Aim of the exercise = What you return must be exactly the lines running from the one with "7. backpack [0,207,77,533]" to the end of the data below, inclusive, and nothing more.

The records =
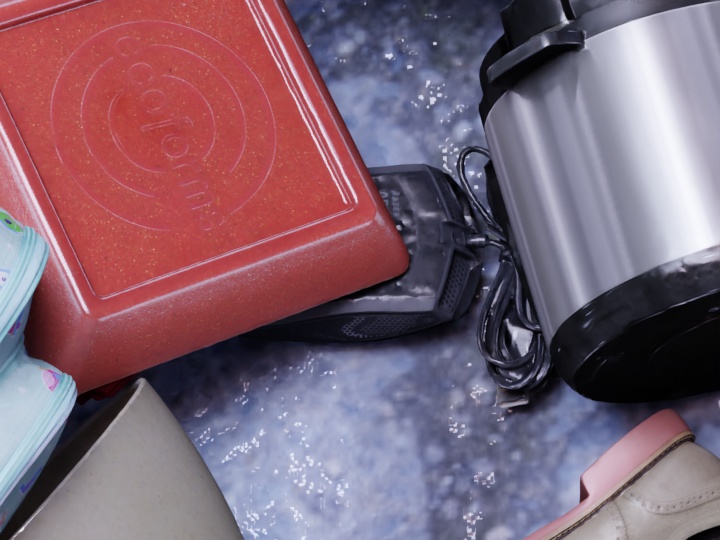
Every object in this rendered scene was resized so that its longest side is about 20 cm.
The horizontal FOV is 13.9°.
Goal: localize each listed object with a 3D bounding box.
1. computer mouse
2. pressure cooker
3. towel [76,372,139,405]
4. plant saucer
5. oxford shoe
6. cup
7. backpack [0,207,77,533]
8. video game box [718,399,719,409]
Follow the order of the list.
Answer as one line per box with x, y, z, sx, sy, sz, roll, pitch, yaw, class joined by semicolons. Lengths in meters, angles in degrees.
0.000;0.000;1.454;0.199;0.053;0.139;2;67;1;computer mouse
0.149;-0.057;1.365;0.178;0.176;0.201;-15;72;-3;pressure cooker
-0.144;-0.050;1.403;0.200;0.022;0.145;46;67;2;towel
-0.094;-0.063;1.390;0.199;0.037;0.200;-20;76;-27;plant saucer
0.098;0.155;1.354;0.075;0.070;0.200;42;84;19;oxford shoe
-0.118;0.169;1.349;0.143;0.200;0.200;44;83;-5;cup
-0.206;0.053;1.267;0.153;0.176;0.201;26;86;-9;backpack
0.267;0.130;1.291;0.199;0.047;0.183;-8;66;10;video game box

Answer for this exercise =
7. backpack [0,207,77,533]
8. video game box [718,399,719,409]
Follow the order of the list.
Answer as one line per box with x, y, z, sx, sy, sz, roll, pitch, yaw, class joined by semicolons. Lengths in meters, angles in degrees.
0.000;0.000;1.454;0.199;0.053;0.139;2;67;1;computer mouse
0.149;-0.057;1.365;0.178;0.176;0.201;-15;72;-3;pressure cooker
-0.144;-0.050;1.403;0.200;0.022;0.145;46;67;2;towel
-0.094;-0.063;1.390;0.199;0.037;0.200;-20;76;-27;plant saucer
0.098;0.155;1.354;0.075;0.070;0.200;42;84;19;oxford shoe
-0.118;0.169;1.349;0.143;0.200;0.200;44;83;-5;cup
-0.206;0.053;1.267;0.153;0.176;0.201;26;86;-9;backpack
0.267;0.130;1.291;0.199;0.047;0.183;-8;66;10;video game box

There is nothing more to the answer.